Wang Ning, Gao Ying, Zhao Hong, Ahn Choon Ki
IEEE Trans Neural Netw Learn Syst. 2021 Jul;32(7):3034-3045. doi: 10.1109/TNNLS.2020.3009214. Epub 2021 Jul 6.
In this article, a novel reinforcement learning-based optimal tracking control (RLOTC) scheme is established for an unmanned surface vehicle (USV) in the presence of complex unknowns, including dead-zone input nonlinearities, system dynamics, and disturbances. To be specific, dead-zone nonlinearities are decoupled to be input-dependent sloped controls and unknown biases that are encapsulated into lumped unknowns within tracking error dynamics. Neural network (NN) approximators are further deployed to adaptively identify complex unknowns and facilitate a Hamilton-Jacobi-Bellman (HJB) equation that formulates optimal tracking. In order to derive a practically optimal solution, an actor-critic reinforcement learning framework is built by employing adaptive NN identifiers to recursively approximate the total optimal policy and cost function. Eventually, theoretical analysis shows that the entire RLOTC scheme can render tracking errors that converge to an arbitrarily small neighborhood of the origin, subject to optimal cost. Simulation results and comprehensive comparisons on a prototype USV demonstrate remarkable effectiveness and superiority.

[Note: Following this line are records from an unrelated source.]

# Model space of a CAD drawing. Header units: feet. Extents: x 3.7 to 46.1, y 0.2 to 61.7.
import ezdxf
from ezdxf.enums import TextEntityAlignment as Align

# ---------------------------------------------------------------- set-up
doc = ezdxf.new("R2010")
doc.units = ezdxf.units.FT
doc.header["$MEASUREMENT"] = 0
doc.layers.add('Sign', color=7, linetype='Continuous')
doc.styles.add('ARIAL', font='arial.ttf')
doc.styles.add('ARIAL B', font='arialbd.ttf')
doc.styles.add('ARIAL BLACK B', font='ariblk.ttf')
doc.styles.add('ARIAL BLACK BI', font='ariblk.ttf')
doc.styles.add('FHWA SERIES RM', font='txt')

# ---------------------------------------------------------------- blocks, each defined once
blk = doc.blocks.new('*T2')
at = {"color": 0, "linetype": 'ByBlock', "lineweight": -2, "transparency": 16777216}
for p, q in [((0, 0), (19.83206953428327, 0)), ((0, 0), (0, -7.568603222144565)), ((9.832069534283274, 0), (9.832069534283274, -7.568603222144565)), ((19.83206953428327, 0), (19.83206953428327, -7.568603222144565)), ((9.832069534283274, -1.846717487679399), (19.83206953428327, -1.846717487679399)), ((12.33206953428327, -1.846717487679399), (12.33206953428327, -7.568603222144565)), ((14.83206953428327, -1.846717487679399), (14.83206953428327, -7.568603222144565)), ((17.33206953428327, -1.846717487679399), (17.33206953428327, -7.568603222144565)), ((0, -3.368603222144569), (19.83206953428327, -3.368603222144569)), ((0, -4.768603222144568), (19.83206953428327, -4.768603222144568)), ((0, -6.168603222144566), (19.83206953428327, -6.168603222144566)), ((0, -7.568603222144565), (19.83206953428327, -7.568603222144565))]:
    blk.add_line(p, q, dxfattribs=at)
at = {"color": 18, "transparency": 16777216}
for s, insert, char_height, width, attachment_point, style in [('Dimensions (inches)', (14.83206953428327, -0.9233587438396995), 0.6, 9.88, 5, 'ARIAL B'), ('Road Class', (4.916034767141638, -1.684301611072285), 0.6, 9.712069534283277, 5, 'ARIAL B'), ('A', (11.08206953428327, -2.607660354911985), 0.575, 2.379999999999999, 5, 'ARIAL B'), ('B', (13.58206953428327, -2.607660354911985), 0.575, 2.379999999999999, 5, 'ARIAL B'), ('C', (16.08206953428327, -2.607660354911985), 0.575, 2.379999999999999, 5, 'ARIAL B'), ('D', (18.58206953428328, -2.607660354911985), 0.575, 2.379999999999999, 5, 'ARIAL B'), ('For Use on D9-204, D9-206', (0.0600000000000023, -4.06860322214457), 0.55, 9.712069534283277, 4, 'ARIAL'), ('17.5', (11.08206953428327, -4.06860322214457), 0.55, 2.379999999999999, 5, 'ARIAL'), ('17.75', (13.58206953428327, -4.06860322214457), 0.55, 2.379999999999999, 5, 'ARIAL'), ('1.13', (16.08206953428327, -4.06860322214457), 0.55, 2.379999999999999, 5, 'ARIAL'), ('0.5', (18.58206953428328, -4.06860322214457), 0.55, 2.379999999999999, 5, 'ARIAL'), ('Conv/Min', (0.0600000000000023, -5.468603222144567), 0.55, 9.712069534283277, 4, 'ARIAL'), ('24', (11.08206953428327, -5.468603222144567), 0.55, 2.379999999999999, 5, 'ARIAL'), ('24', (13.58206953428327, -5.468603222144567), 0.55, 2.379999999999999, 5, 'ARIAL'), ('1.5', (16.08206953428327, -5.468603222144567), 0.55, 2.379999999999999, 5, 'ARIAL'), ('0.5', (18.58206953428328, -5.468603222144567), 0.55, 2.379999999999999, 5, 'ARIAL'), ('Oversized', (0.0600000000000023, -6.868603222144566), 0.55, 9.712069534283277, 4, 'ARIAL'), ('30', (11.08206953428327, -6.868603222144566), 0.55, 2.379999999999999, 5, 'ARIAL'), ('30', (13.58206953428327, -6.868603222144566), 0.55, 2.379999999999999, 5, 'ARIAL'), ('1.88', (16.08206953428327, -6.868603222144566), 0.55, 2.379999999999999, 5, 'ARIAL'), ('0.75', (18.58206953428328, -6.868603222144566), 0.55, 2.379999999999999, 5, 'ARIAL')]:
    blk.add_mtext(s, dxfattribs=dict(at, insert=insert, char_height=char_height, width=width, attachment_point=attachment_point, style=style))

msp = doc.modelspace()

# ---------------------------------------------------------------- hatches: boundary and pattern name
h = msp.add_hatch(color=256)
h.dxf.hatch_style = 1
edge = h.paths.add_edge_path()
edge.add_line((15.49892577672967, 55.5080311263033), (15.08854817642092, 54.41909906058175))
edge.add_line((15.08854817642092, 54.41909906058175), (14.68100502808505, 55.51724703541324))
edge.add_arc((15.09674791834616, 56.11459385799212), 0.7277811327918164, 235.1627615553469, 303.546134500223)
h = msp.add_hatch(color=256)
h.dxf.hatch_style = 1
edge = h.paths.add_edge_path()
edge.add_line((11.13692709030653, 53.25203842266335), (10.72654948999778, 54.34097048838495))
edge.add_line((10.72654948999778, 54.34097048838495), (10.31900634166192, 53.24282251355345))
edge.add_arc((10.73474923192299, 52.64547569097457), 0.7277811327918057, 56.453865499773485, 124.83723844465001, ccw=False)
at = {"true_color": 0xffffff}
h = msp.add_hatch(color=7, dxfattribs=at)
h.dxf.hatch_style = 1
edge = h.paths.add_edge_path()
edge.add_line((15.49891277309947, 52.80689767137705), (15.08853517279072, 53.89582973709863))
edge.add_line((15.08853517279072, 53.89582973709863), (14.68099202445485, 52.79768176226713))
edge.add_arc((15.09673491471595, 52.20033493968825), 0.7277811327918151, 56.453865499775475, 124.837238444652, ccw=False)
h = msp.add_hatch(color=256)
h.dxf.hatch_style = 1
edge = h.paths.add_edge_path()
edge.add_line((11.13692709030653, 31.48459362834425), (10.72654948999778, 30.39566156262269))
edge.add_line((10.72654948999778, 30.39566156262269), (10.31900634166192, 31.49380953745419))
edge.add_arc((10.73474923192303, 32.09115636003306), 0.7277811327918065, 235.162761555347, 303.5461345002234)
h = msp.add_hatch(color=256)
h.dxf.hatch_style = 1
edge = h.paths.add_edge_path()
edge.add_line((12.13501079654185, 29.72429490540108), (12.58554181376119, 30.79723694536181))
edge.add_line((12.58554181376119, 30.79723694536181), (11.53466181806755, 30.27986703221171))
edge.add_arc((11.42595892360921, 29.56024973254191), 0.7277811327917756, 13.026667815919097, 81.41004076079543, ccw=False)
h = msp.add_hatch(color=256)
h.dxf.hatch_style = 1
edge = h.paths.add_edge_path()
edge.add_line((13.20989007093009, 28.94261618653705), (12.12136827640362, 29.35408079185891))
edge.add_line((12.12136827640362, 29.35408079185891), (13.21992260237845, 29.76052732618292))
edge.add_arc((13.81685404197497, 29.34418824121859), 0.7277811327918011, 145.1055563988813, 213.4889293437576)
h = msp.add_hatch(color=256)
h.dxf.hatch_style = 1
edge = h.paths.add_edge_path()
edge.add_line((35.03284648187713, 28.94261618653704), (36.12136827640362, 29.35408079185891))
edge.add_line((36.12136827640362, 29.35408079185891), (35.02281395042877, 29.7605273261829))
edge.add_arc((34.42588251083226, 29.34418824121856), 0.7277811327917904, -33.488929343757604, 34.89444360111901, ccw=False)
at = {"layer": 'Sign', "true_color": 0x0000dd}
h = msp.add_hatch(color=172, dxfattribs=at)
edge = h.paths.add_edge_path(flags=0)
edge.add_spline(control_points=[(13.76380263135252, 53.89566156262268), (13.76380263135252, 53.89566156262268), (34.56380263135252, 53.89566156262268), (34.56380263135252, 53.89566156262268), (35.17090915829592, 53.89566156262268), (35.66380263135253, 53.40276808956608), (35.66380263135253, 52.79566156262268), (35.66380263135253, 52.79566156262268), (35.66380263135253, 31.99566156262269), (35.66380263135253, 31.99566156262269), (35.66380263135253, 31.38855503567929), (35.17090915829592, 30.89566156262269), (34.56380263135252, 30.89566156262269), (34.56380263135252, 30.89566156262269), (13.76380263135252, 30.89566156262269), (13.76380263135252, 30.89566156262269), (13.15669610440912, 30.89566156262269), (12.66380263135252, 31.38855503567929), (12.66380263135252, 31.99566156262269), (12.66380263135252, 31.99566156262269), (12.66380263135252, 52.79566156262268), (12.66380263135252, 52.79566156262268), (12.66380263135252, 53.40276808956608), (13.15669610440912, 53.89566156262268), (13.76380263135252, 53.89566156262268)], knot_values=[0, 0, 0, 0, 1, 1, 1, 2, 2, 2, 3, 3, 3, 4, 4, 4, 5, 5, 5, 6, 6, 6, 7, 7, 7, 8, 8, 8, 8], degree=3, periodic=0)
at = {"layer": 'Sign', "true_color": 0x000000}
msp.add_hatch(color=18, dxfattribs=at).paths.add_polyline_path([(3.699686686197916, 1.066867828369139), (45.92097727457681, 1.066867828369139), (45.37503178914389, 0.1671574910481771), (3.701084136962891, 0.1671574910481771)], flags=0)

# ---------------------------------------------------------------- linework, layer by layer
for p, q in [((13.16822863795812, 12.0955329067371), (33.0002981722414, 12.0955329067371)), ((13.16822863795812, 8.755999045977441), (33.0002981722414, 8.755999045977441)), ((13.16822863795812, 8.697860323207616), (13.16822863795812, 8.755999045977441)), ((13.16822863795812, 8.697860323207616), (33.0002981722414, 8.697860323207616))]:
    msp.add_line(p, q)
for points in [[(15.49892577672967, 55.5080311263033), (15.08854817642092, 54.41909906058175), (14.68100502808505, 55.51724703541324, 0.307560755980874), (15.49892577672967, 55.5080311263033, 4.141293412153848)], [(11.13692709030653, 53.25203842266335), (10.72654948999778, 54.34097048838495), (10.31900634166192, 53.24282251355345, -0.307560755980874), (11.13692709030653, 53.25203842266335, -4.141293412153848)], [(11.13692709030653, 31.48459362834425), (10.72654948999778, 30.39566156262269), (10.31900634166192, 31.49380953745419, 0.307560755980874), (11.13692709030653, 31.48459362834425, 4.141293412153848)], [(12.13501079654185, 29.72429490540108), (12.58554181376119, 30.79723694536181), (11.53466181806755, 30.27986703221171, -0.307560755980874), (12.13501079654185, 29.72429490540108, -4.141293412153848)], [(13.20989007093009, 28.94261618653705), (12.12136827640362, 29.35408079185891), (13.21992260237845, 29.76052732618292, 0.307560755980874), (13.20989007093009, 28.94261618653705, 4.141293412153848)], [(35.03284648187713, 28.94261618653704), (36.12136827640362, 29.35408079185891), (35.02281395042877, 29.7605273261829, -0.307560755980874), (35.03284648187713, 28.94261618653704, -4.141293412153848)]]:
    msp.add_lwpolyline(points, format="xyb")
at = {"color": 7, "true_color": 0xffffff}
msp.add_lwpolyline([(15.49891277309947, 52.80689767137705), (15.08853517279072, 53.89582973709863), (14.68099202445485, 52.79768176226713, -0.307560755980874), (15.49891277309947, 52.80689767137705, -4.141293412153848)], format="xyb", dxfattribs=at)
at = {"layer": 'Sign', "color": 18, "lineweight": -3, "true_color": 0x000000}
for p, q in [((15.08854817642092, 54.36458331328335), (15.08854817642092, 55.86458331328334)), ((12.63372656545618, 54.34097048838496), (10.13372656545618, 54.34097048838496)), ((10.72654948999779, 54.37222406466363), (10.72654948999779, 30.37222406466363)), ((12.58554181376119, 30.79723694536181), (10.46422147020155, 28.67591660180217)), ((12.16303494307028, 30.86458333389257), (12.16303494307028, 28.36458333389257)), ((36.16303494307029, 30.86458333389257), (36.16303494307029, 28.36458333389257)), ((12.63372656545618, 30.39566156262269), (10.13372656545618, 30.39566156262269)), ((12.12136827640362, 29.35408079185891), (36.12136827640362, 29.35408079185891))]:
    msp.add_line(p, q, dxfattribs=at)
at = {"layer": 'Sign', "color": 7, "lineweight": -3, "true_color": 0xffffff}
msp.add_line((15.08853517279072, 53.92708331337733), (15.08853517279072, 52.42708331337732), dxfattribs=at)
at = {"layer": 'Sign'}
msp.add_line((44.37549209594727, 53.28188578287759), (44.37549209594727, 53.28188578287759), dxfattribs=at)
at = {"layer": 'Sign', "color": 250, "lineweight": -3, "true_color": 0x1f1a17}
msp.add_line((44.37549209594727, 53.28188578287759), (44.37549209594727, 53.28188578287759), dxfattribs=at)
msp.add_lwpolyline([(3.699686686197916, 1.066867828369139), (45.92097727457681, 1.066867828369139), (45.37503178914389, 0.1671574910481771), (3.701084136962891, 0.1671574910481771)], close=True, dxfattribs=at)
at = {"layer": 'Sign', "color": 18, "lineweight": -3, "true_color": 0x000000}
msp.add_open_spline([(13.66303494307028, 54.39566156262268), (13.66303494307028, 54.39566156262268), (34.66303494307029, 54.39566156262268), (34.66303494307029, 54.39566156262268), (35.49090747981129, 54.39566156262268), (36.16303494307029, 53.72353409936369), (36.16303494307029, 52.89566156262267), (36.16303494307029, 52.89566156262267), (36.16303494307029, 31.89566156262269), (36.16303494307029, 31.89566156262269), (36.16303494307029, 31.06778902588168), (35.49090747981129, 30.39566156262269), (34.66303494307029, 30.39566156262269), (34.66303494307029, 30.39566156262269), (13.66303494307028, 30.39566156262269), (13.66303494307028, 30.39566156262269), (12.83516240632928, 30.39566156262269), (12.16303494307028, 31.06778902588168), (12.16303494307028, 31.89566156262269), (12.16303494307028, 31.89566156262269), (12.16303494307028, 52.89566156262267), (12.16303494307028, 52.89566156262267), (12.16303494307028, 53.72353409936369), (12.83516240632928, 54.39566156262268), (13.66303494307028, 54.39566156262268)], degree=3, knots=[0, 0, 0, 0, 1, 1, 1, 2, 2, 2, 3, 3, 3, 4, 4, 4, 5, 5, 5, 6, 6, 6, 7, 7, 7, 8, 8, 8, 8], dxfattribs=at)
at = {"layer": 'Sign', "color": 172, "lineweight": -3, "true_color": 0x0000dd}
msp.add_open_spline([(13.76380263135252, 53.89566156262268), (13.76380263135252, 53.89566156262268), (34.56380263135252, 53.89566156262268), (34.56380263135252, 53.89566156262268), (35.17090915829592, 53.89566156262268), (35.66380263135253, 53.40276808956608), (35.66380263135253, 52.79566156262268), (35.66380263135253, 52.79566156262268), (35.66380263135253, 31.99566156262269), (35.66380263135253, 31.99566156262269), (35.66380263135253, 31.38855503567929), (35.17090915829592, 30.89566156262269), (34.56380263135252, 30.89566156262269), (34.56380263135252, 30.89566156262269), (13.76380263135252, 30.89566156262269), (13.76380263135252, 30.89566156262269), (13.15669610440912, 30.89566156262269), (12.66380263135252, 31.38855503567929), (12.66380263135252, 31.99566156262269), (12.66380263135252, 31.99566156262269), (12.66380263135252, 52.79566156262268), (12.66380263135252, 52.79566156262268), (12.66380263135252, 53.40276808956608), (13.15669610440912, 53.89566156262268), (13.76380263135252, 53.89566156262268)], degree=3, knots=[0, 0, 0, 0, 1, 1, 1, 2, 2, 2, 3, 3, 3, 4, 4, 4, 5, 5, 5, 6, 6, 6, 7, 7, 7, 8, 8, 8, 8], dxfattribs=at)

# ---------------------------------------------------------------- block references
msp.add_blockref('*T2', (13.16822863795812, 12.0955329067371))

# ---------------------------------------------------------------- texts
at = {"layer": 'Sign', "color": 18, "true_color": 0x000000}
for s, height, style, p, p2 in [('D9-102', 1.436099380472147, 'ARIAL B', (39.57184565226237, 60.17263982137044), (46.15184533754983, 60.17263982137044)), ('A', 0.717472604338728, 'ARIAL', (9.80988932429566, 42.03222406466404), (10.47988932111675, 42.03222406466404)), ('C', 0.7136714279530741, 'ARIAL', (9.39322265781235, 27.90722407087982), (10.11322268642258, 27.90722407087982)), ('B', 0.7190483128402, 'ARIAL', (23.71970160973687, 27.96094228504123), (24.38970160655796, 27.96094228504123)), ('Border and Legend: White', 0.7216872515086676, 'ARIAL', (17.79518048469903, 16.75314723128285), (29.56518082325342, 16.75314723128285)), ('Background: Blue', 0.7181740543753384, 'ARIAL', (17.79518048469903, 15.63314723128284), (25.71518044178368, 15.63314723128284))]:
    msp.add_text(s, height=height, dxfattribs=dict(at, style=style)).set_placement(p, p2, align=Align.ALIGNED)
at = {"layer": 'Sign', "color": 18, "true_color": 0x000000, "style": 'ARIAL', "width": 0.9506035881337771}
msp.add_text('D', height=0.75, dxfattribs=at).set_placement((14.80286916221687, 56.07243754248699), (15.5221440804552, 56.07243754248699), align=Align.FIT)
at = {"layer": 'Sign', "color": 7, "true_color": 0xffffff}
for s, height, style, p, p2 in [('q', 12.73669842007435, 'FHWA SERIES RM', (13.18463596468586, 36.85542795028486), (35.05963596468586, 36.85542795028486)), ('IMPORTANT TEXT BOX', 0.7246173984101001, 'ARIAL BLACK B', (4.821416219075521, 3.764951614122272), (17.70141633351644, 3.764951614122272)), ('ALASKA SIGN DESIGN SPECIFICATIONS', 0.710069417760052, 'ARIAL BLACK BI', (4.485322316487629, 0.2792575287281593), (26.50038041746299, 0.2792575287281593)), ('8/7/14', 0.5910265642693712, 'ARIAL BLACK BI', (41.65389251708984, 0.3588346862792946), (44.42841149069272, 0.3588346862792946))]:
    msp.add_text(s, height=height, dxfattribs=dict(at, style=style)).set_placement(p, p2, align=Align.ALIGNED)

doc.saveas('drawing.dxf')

在本文中,针对存在复杂未知因素(包括死区输入非线性、系统动力学和干扰)的无人水面舰艇(USV),建立了一种基于新型强化学习的最优跟踪控制(RLOTC)方案。具体而言,死区非线性被解耦为与输入相关的斜率控制和未知偏差,这些偏差被封装到跟踪误差动态中的集总未知量中。进一步部署神经网络(NN)逼近器,以自适应识别复杂未知因素,并推导用于制定最优跟踪的哈密顿-雅可比-贝尔曼(HJB)方程。为了获得实际的最优解,通过采用自适应NN标识符递归逼近总最优策略和成本函数,构建了一个演员-评论家强化学习框架。最终,理论分析表明,在最优成本的约束下,整个RLOTC方案能够使跟踪误差收敛到原点的任意小邻域内。在原型USV上的仿真结果和综合比较证明了该方案具有显著的有效性和优越性。